* _Exercise material_:
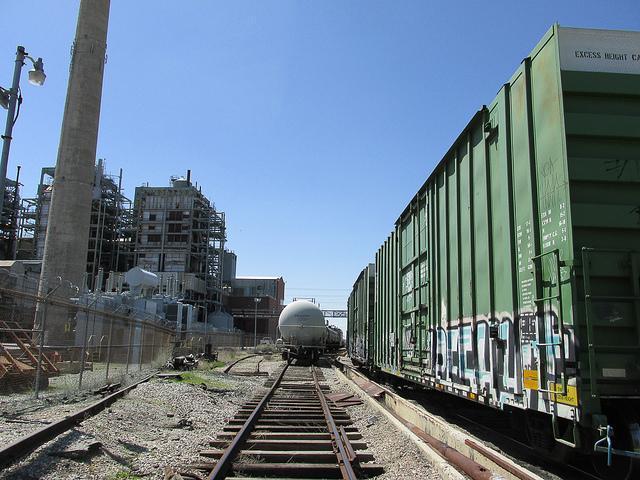How many trains are in the photo?
Give a very brief answer. 2. 
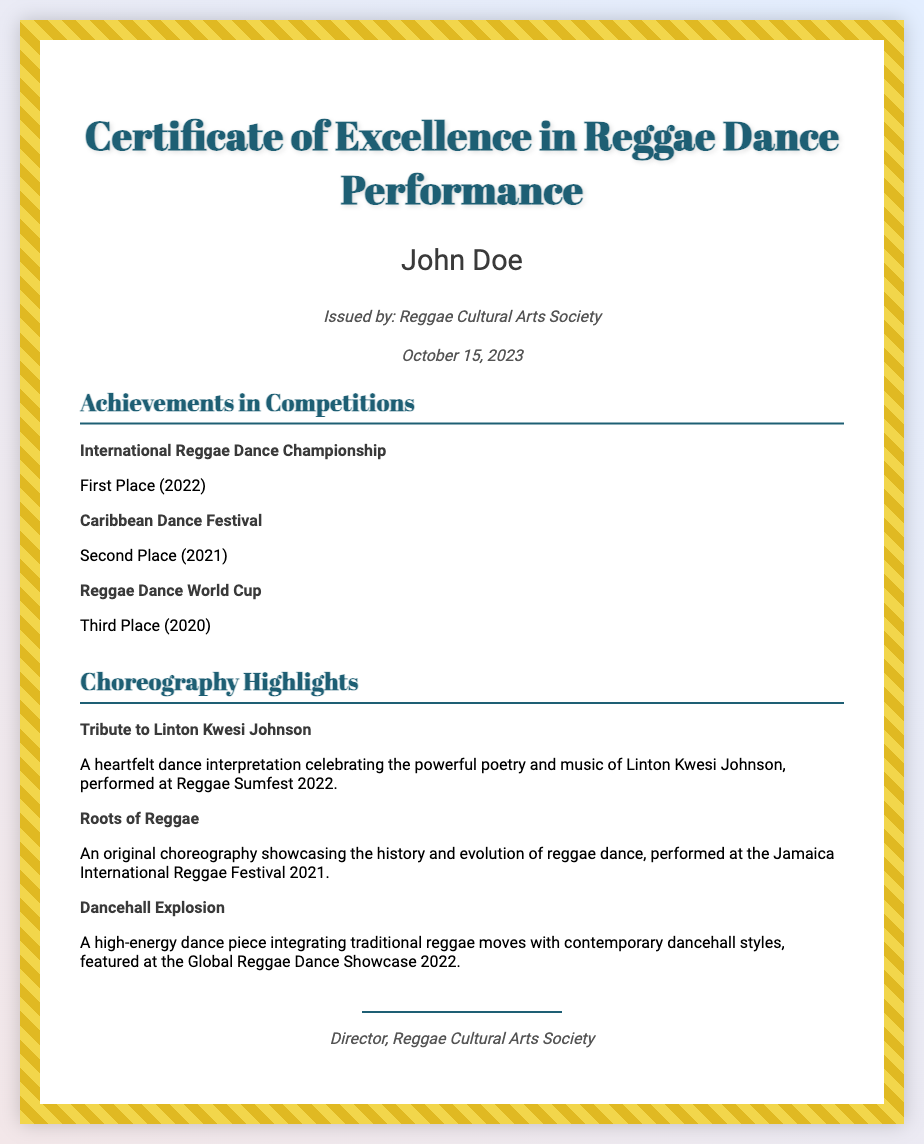what is the title of the certificate? The title, prominently displayed at the top of the document, describes the purpose of the certificate.
Answer: Certificate of Excellence in Reggae Dance Performance who is the recipient of this certificate? The recipient's name is stated clearly on the certificate, identifying the individual recognized for achievements.
Answer: John Doe what organization issued the certificate? This information is found near the name of the recipient, indicating the body responsible for the award.
Answer: Reggae Cultural Arts Society when was the certificate issued? The date of issuance is provided on the document, indicating when the recognition was formally granted.
Answer: October 15, 2023 which competition did the recipient place first in? This information is listed in the achievements section, indicating specific accolades received by the recipient.
Answer: International Reggae Dance Championship what was the title of the tribute dance performed at Reggae Sumfest 2022? The title of the performance is included in the choreography highlights, showcasing a specific artistic expression related to an influential figure.
Answer: Tribute to Linton Kwesi Johnson what place did the recipient achieve in the Caribbean Dance Festival? This information pertains to the recipient's accomplishments in competitive dancing, found in the achievements section.
Answer: Second Place how many major performances are highlighted in the choreography section? The number of performances can be determined by counting the entries in the provided section.
Answer: Three who signed the certificate? The signature section at the bottom reveals the title of the individual who authorized the document.
Answer: Director, Reggae Cultural Arts Society 
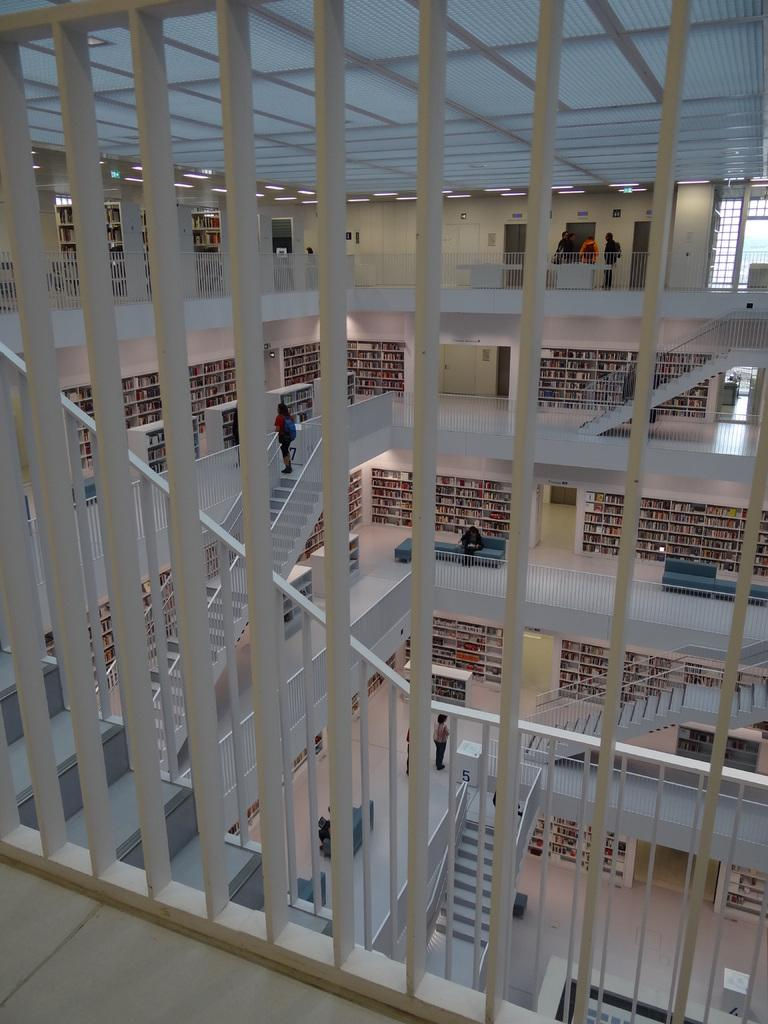What type of location is depicted in the image? The image shows an inside view of a building. What can be seen in the image that is used for cooking? There are grills in the image. What architectural feature is present in the middle of the image? There are stairs in the middle of the image. What type of steel is used to construct the spade in the image? There is no spade present in the image, so it is not possible to determine the type of steel used. 
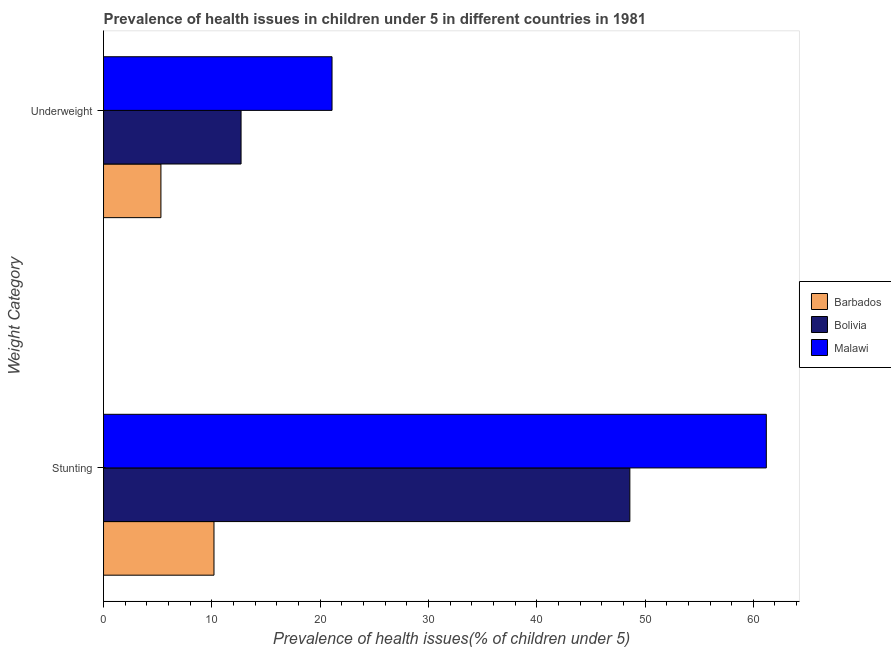How many different coloured bars are there?
Your answer should be very brief. 3. How many groups of bars are there?
Offer a very short reply. 2. Are the number of bars per tick equal to the number of legend labels?
Offer a terse response. Yes. How many bars are there on the 1st tick from the top?
Offer a terse response. 3. How many bars are there on the 2nd tick from the bottom?
Your response must be concise. 3. What is the label of the 1st group of bars from the top?
Keep it short and to the point. Underweight. What is the percentage of underweight children in Bolivia?
Give a very brief answer. 12.7. Across all countries, what is the maximum percentage of underweight children?
Your answer should be very brief. 21.1. Across all countries, what is the minimum percentage of underweight children?
Your answer should be compact. 5.3. In which country was the percentage of stunted children maximum?
Provide a succinct answer. Malawi. In which country was the percentage of stunted children minimum?
Make the answer very short. Barbados. What is the total percentage of stunted children in the graph?
Your answer should be very brief. 120. What is the difference between the percentage of stunted children in Bolivia and that in Barbados?
Provide a short and direct response. 38.4. What is the difference between the percentage of underweight children in Bolivia and the percentage of stunted children in Malawi?
Your response must be concise. -48.5. What is the average percentage of underweight children per country?
Ensure brevity in your answer.  13.03. What is the difference between the percentage of stunted children and percentage of underweight children in Bolivia?
Offer a very short reply. 35.9. What is the ratio of the percentage of underweight children in Malawi to that in Barbados?
Your answer should be compact. 3.98. In how many countries, is the percentage of underweight children greater than the average percentage of underweight children taken over all countries?
Keep it short and to the point. 1. What does the 3rd bar from the top in Stunting represents?
Your answer should be compact. Barbados. How many bars are there?
Give a very brief answer. 6. How many countries are there in the graph?
Provide a succinct answer. 3. What is the difference between two consecutive major ticks on the X-axis?
Offer a very short reply. 10. Does the graph contain any zero values?
Your answer should be very brief. No. Does the graph contain grids?
Provide a succinct answer. No. How are the legend labels stacked?
Offer a terse response. Vertical. What is the title of the graph?
Ensure brevity in your answer.  Prevalence of health issues in children under 5 in different countries in 1981. Does "Turkey" appear as one of the legend labels in the graph?
Provide a short and direct response. No. What is the label or title of the X-axis?
Give a very brief answer. Prevalence of health issues(% of children under 5). What is the label or title of the Y-axis?
Your response must be concise. Weight Category. What is the Prevalence of health issues(% of children under 5) of Barbados in Stunting?
Make the answer very short. 10.2. What is the Prevalence of health issues(% of children under 5) of Bolivia in Stunting?
Your response must be concise. 48.6. What is the Prevalence of health issues(% of children under 5) in Malawi in Stunting?
Provide a succinct answer. 61.2. What is the Prevalence of health issues(% of children under 5) in Barbados in Underweight?
Ensure brevity in your answer.  5.3. What is the Prevalence of health issues(% of children under 5) in Bolivia in Underweight?
Provide a succinct answer. 12.7. What is the Prevalence of health issues(% of children under 5) of Malawi in Underweight?
Give a very brief answer. 21.1. Across all Weight Category, what is the maximum Prevalence of health issues(% of children under 5) in Barbados?
Your response must be concise. 10.2. Across all Weight Category, what is the maximum Prevalence of health issues(% of children under 5) in Bolivia?
Your answer should be very brief. 48.6. Across all Weight Category, what is the maximum Prevalence of health issues(% of children under 5) of Malawi?
Offer a terse response. 61.2. Across all Weight Category, what is the minimum Prevalence of health issues(% of children under 5) of Barbados?
Ensure brevity in your answer.  5.3. Across all Weight Category, what is the minimum Prevalence of health issues(% of children under 5) of Bolivia?
Your response must be concise. 12.7. Across all Weight Category, what is the minimum Prevalence of health issues(% of children under 5) in Malawi?
Keep it short and to the point. 21.1. What is the total Prevalence of health issues(% of children under 5) of Bolivia in the graph?
Provide a succinct answer. 61.3. What is the total Prevalence of health issues(% of children under 5) in Malawi in the graph?
Your answer should be compact. 82.3. What is the difference between the Prevalence of health issues(% of children under 5) in Bolivia in Stunting and that in Underweight?
Keep it short and to the point. 35.9. What is the difference between the Prevalence of health issues(% of children under 5) in Malawi in Stunting and that in Underweight?
Your response must be concise. 40.1. What is the difference between the Prevalence of health issues(% of children under 5) of Barbados in Stunting and the Prevalence of health issues(% of children under 5) of Bolivia in Underweight?
Keep it short and to the point. -2.5. What is the difference between the Prevalence of health issues(% of children under 5) in Bolivia in Stunting and the Prevalence of health issues(% of children under 5) in Malawi in Underweight?
Your answer should be compact. 27.5. What is the average Prevalence of health issues(% of children under 5) of Barbados per Weight Category?
Offer a terse response. 7.75. What is the average Prevalence of health issues(% of children under 5) of Bolivia per Weight Category?
Ensure brevity in your answer.  30.65. What is the average Prevalence of health issues(% of children under 5) of Malawi per Weight Category?
Give a very brief answer. 41.15. What is the difference between the Prevalence of health issues(% of children under 5) in Barbados and Prevalence of health issues(% of children under 5) in Bolivia in Stunting?
Your answer should be compact. -38.4. What is the difference between the Prevalence of health issues(% of children under 5) in Barbados and Prevalence of health issues(% of children under 5) in Malawi in Stunting?
Give a very brief answer. -51. What is the difference between the Prevalence of health issues(% of children under 5) in Bolivia and Prevalence of health issues(% of children under 5) in Malawi in Stunting?
Make the answer very short. -12.6. What is the difference between the Prevalence of health issues(% of children under 5) of Barbados and Prevalence of health issues(% of children under 5) of Malawi in Underweight?
Your answer should be very brief. -15.8. What is the ratio of the Prevalence of health issues(% of children under 5) of Barbados in Stunting to that in Underweight?
Keep it short and to the point. 1.92. What is the ratio of the Prevalence of health issues(% of children under 5) in Bolivia in Stunting to that in Underweight?
Your answer should be compact. 3.83. What is the ratio of the Prevalence of health issues(% of children under 5) in Malawi in Stunting to that in Underweight?
Ensure brevity in your answer.  2.9. What is the difference between the highest and the second highest Prevalence of health issues(% of children under 5) of Bolivia?
Offer a terse response. 35.9. What is the difference between the highest and the second highest Prevalence of health issues(% of children under 5) of Malawi?
Make the answer very short. 40.1. What is the difference between the highest and the lowest Prevalence of health issues(% of children under 5) of Bolivia?
Make the answer very short. 35.9. What is the difference between the highest and the lowest Prevalence of health issues(% of children under 5) of Malawi?
Ensure brevity in your answer.  40.1.

* _What the task requires_:
All lines with the word "total" are needed; pull them from the entries and copy each.

* _Result of this task_:
Make the answer very short. Barbados. What is the total percentage of stunted children in the graph?
Keep it short and to the point. 21.1. What is the total Prevalence of health issues(% of children under 5) of Bolivia in the graph?
Provide a succinct answer. 61.3. What is the total Prevalence of health issues(% of children under 5) in Malawi in the graph?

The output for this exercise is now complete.